I have been wanting to sit down with Dave for a while now, but I needed to spend more time with Vaccuum to understand where it would fit into my world of API governance. I did that, and then finally got to sit down with Dave Shanley of Princess Beef Heavy Industries, and creator of Vacuum, OpenAPI Doctor, and other important OpenAPI tooling. I finally got the full background of why he felt Spectral was falling short when it came to linting our API specifications, and it was much more than just about speed. I left our conversation with a head full of ideas and a bunch of notes on what is next for API governance and rules, and need to have Dave back talk about OpenAPI Doctor, libopenapi, and his other great work.

Conversation

Who are you?

Hey there, who are you? Hey Ken, I’m Dave, Dave Shanley. I also go by the name of Quobics and I’m the founder of Princess Beef Heavy Industries.I do a lot of stuff with OpenAPI and APIs in general.
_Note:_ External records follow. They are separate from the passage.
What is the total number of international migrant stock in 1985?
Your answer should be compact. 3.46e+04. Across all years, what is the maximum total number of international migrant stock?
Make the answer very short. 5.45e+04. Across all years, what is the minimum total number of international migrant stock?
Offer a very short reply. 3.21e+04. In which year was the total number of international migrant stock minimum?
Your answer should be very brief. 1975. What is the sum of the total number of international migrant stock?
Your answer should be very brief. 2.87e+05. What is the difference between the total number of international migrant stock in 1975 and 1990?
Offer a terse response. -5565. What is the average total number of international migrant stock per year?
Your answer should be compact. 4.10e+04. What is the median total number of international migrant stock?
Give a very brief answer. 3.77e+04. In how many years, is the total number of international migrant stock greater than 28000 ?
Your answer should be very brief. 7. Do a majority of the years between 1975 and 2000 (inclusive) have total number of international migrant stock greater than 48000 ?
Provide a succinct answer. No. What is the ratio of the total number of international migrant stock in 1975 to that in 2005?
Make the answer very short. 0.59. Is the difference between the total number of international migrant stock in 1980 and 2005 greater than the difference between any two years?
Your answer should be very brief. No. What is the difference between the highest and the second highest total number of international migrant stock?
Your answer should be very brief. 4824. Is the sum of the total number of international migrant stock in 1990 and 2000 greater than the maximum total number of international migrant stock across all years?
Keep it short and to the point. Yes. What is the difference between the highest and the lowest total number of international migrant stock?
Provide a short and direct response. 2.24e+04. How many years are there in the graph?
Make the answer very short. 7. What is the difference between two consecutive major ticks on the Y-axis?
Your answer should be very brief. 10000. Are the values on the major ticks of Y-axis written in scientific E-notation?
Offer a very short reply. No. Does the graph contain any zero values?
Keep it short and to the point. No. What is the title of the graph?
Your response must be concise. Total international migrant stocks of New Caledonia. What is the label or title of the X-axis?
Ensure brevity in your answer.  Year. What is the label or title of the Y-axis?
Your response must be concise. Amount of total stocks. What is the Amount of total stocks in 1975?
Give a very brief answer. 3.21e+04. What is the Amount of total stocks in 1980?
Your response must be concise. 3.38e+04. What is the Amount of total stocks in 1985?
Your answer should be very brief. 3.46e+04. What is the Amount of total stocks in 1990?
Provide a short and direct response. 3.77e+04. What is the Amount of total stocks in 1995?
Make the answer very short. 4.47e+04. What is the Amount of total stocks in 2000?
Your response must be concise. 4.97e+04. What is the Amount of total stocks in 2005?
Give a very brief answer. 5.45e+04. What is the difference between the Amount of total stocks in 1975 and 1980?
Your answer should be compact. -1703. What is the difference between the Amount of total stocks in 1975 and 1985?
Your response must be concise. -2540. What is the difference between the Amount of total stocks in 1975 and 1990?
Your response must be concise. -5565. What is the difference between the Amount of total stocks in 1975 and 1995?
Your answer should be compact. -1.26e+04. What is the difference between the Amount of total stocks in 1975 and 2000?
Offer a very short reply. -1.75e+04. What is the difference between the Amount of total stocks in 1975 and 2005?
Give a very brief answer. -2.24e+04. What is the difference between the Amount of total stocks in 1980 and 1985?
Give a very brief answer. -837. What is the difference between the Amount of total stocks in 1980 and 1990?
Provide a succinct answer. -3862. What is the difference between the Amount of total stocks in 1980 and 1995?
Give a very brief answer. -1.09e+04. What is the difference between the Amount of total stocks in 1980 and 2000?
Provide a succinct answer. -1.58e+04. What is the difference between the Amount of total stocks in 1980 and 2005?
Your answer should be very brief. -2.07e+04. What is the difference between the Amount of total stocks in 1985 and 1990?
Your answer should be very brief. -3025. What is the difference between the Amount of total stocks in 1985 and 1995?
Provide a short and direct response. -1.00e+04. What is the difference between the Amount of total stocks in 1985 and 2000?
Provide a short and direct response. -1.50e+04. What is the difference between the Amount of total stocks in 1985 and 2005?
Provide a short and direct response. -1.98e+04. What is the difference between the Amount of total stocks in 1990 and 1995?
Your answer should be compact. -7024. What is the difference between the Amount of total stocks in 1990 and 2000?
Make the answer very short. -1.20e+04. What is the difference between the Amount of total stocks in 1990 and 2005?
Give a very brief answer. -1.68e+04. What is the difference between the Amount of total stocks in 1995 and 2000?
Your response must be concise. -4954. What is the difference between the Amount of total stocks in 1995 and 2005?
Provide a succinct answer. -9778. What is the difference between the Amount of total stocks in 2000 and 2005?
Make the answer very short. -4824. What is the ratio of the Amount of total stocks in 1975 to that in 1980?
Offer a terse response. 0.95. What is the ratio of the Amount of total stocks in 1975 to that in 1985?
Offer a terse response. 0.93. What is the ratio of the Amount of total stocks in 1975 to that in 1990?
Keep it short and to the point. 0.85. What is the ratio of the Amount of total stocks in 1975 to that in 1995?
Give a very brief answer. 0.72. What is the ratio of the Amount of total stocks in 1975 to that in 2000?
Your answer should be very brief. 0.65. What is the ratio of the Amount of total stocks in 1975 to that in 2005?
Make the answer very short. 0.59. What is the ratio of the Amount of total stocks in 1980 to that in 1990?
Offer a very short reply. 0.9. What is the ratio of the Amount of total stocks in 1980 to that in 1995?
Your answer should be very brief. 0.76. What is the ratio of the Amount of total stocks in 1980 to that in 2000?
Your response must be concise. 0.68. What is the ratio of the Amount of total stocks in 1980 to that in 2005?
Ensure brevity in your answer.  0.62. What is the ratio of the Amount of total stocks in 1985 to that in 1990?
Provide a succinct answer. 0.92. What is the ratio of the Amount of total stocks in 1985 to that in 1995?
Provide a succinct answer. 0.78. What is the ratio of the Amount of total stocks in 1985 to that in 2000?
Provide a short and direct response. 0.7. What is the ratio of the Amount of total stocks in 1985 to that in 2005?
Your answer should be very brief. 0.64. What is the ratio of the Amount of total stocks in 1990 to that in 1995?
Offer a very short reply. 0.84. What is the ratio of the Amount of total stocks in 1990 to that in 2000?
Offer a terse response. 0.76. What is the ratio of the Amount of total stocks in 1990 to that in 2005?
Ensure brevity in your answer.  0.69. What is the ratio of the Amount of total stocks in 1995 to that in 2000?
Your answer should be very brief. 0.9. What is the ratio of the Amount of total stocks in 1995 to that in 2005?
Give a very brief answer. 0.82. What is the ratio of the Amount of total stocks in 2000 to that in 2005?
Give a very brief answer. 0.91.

What is Princess Heavy Beef Industries?

Heavy Industries. Yes, it’s a, it’s an interesting name. Um, so, uh, you know, I’ll get, I just, I’ll give you the, the short version. Um, I was trying to think of what to call what I was doing and I was coming up with, you know, typical one name. things. I was like, this is very boring and all sounds very common. So, um, whilst thinking for a name, uh, my daughter who was two at the time, uh, she used to watch a television show. And so it’s still, it’s still around. It’s called blazing the monster machines. It’s a kid’s show about monster trucks. And, uh, she used to call it. Princess Beef. There’s no mentions of princesses or beef in any shape or form in the show, but she used to call it Princess Beef. I’m like, where did you get that from? What a great name for a band, Princess Beef. She used to play these toy drums and she called them the honey drum. I don’t know why she called them honey drums, but see, I thought Princess Beef and the honey, honey drums. Now that’s a name for a band. But, you know, I’m too old and, uh, way beyond that part of my life now. So I thought, you know, I’ll just call the company [00:02:00] that princess beef and then the heavy industries part, it’s a harken back to, uh, my nineties hacker roots, uh, used to do a lot of stuff in the hacker scene in the, in the nineties. And, uh, there was a group called loft. Heavy Industries and they kind of disbanded in the early 2000s, but they were one of my inspirations for building developer tools, tooling. Um, and I thought, why not revive that name? Heavy Industries sounds like, you know, a nineties skater brand. So I thought, cool, why not? I

What is the story behind Vacuum?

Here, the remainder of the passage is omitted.